The Court also cited as inculpatory the fact that, when Evanson tried to contact Reedy on July 15, he was only able to reach her voicemail. On July 15, however, Reedy was still in the hospital, and Reedy's mother contacted Evanson that same day on Reedy's behalf and arranged for Reedy to go to the police station the next day. Reaching the voicemail of a person who has just been sexually assaulted at gunpoint, while that victim is still in the hospital, does not demonstrate that the victim is uncooperative, especially when the victim has a relative return the phone call the same day.
Moreover, even if Reedy had shown a reluctance to cooperate, a reasonable jury could find that such reluctance was not inculpatory but was understandable in the face of Evanson's undisguised suspicion of Reedy from practically the moment she reported the attack. The District Court correctly recognized the remarkable rapidity with which Evanson viewed Reedy as the prime suspect in the theft of the Gulf Station, but the Court nevertheless expressly declined to consider Evanson's predisposition toward Reedy to be relevant, stating that “whether Detective Evanson had a predisposition towards [Reedy] ․ from the start of [the] investigation does not change the inculpatory information․” (Id. at 31.) That puzzling assertion ignores the human dynamic inherent in communication. Evanson's predisposition, which was manifested in his aggressive and insulting accusations, is certainly relevant to an interpretation of Reedy's attitude, because her actions or statements occurred in the context of, and in response to, Evanson's actions and statements. Reedy's behavior cannot be fairly analyzed without considering the behavior of Evanson to which she was reacting.
Evanson's investigation into the reported rape and robbery appears to have focused exclusively on the theory that Reedy was a liar and thief. The police report-and, for that matter, the entire record-indicates that, after a brief search of the woods on the night of the incident, Evanson and the other officers made no effort to locate Reedy's assailant or to consider anyone but Reedy and Watt as suspects, even after the Landmark Attack.26 As Reedy tells it, the night she was attacked, while she was still in the hospital and after she had given Evanson a detailed description of the events that matched what she had already told Mascellino, and before Evanson had done any further investigation, he called her a liar and repeatedly accused her of stealing the money from the store.

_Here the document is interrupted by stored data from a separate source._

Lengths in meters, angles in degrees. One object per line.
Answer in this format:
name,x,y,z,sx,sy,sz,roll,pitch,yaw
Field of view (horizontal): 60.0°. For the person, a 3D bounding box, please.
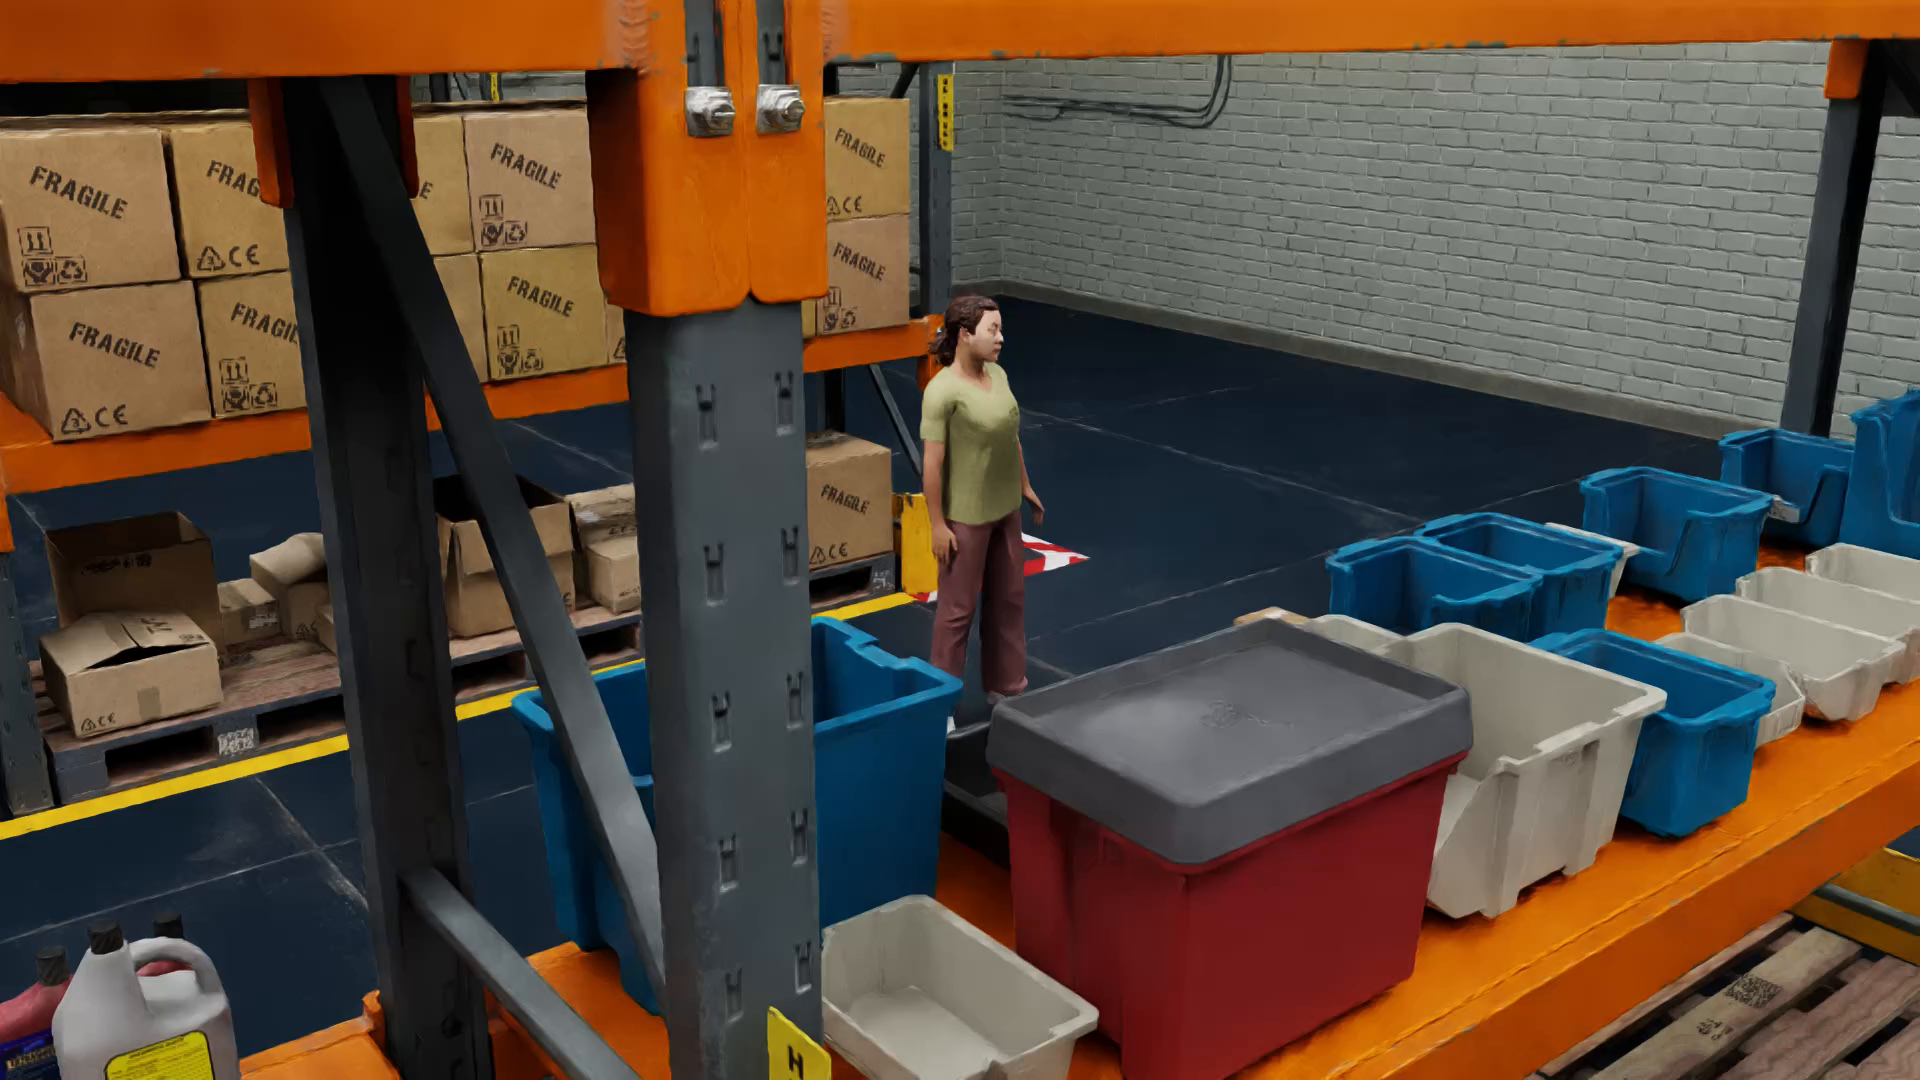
person,0.092,-0.086,6.233,0.388,1.680,0.572,15,23,40
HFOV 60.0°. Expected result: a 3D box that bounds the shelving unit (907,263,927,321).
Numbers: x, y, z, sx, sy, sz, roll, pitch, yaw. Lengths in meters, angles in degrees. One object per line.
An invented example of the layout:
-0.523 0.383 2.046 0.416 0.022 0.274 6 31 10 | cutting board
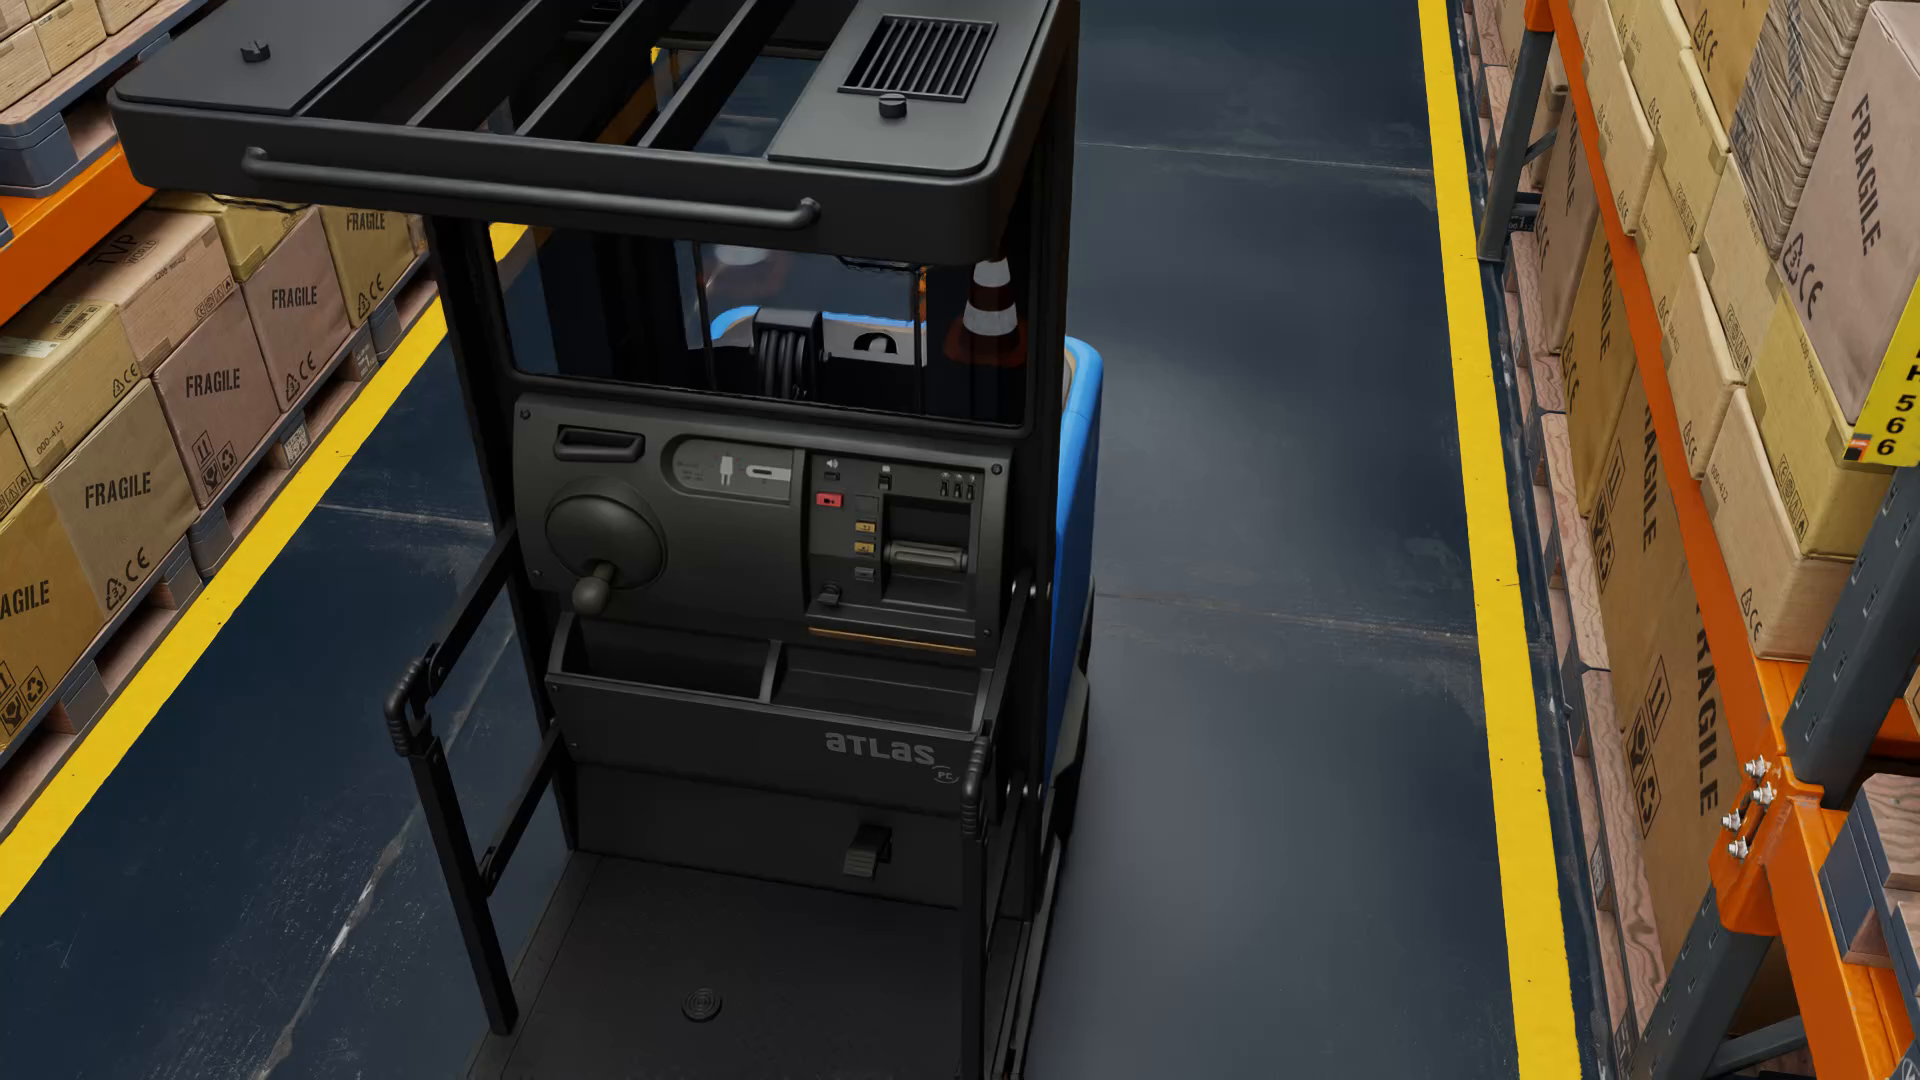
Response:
-0.002 -0.453 4.857 0.258 1.200 0.189 6 40 8 | shelving unit

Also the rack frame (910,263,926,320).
-0.018 -0.396 4.787 0.240 1.200 0.006 6 40 8 | rack frame

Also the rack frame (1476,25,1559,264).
2.552 -2.240 5.606 1.000 3.000 0.127 6 40 8 | rack frame

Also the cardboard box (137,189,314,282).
-2.400 -1.060 5.222 0.500 0.250 0.500 5 40 6 | cardboard box

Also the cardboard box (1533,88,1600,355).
2.524 -1.185 5.667 0.875 0.875 0.875 8 40 9 | cardboard box

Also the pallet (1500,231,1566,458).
2.493 -0.673 5.898 1.003 0.211 1.213 6 40 8 | pallet

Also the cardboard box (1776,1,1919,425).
1.692 -0.507 2.646 0.500 0.500 0.500 5 40 6 | cardboard box

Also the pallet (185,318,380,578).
-2.683 -0.391 5.558 1.003 0.211 1.213 6 40 8 | pallet

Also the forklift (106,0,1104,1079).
-0.411 0.051 2.888 1.130 2.935 3.031 7 40 8 | forklift

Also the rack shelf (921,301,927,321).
-0.002 -0.604 4.732 0.258 0.103 0.180 6 40 8 | rack shelf

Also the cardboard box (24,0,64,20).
-2.530 -1.482 4.322 0.380 0.149 0.250 6 40 7 | cardboard box

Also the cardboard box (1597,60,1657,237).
1.928 -0.978 4.196 0.500 0.250 0.500 6 40 7 | cardboard box

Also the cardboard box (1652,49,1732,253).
1.847 -0.842 3.640 0.500 0.250 0.500 5 40 7 | cardboard box

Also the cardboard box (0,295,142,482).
-2.587 -0.424 4.453 0.500 0.250 0.500 6 40 7 | cardboard box

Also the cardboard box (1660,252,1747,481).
1.765 -0.340 3.425 0.500 0.250 0.500 7 40 8 | cardboard box

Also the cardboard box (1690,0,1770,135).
1.865 -1.141 3.413 0.500 0.500 0.500 6 40 8 | cardboard box

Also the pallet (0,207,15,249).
-3.015 -0.597 3.769 1.213 0.211 1.003 6 40 8 | pallet

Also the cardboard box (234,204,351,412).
-2.403 -0.785 5.478 0.500 0.500 0.500 6 40 7 | cardboard box

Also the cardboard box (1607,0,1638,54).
2.022 -1.486 4.419 0.500 0.250 0.500 7 40 8 | cardboard box

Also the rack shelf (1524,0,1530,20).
2.898 -3.218 7.353 1.077 0.370 4.000 6 40 8 | rack shelf

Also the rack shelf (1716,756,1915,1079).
1.514 1.803 1.280 1.077 0.370 4.000 6 40 8 | rack shelf

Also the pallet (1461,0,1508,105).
2.970 -2.402 7.990 1.003 0.211 1.213 6 40 8 | pallet

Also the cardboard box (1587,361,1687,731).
2.220 -0.057 4.302 0.875 0.875 0.875 7 40 8 | cardboard box

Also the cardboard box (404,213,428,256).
-2.221 -1.429 6.256 0.500 0.500 0.500 6 40 7 | cardboard box

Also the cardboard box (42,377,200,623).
-2.576 -0.142 4.700 0.500 0.500 0.500 7 40 8 | cardboard box

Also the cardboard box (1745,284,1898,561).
1.693 -0.197 2.859 0.500 0.250 0.500 6 40 8 | cardboard box

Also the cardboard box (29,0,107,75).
-2.529 -1.368 4.418 0.380 0.149 0.250 7 40 8 | cardboard box

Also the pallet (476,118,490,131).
-2.259 -2.073 7.592 1.003 0.211 1.213 6 40 8 | pallet

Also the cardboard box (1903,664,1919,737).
1.554 0.212 1.998 0.500 0.500 0.500 5 40 6 | cardboard box

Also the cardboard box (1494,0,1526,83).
2.921 -2.359 7.430 0.875 0.438 0.875 5 40 6 | cardboard box

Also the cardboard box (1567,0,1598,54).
2.128 -1.610 4.962 0.500 0.250 0.500 5 40 7 | cardboard box

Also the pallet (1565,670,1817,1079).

In short, we are mindful that we must view the record in the light most favorable to Reedy. The fact that Reedy reported the assault immediately, provided three consistent and detailed accounts of it,27 traveled to meet with Evanson the day after she was released from the hospital, provided another detailed statement in writing, and did all of this in the face of Evanson's repeated accusations against her, shows a willingness to work with law enforcement rather than an “evasive” or “uncooperative” attitude. Accordingly, the District Court's characterization of Reedy's behavior as inculpatory is clearly wrong.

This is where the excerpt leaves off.